Am Sonntag zur Beichte

Laut Judah beginnt Putins Bürotag mit drei dicken, in Leder gebundenen Ordnern, die die Akten des Inlandsgeheimdienstes, des Auslandsgeheimdienstes und seines Mitarbeiterstabs enthalten. Danach folgt die Presseschau. Erst widmet er sich russischen Medien, anschließend folgt die internationale Presse. Putin spricht zwar englisch, arbeitet aber stetig daran, seine Sprachkenntnisse weiter zu verbessern. Deutsche Zeitungen liest er auf Deutsch. Die Sprache beherrscht er, weil er als KGB-Agent fünf Jahre lang in Dresden stationiert war.

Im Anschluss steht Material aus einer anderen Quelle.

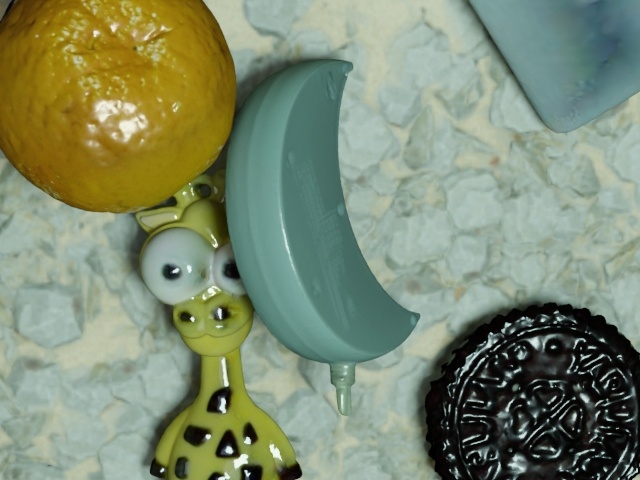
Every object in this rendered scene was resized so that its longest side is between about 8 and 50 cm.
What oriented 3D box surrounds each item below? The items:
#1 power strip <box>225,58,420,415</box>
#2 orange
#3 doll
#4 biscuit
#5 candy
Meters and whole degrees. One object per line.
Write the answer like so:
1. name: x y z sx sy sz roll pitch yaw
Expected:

Danach folgen Termine im 15-Minuten-Takt: Staatsgäste, Politiker, Bürger. Dabei werden auch immer wieder Fotos gemacht, auf denen Putin meist mit dem gleichen versteinerten Gesichtsausdruck zu sehen ist. Er lächelt kaum, nur wenn er Tiere sieht, erhellt sich seine Miene.

Putins Privatleben ist in der russischen Öffentlichkeit gänzlich tabu. Von seiner Frau Ljudmilla ließ er sich im April nach 31 Jahren Ehe scheiden. Der Präsident liebt Eishockey und versucht, so oft wie möglich selbst zu spielen. Als Lektüre bevorzugt er Bücher zur Geschichte wie "Iwan, der Schreckliche" oder "Peter, der Große". Wie es in dem Artikel weiter heißt, arbeitet Putin auch an den Wochenenden, aber der Ablauf ist wesentlich flexibler. An den Sonntagen geht er zuweilen zur Beichte.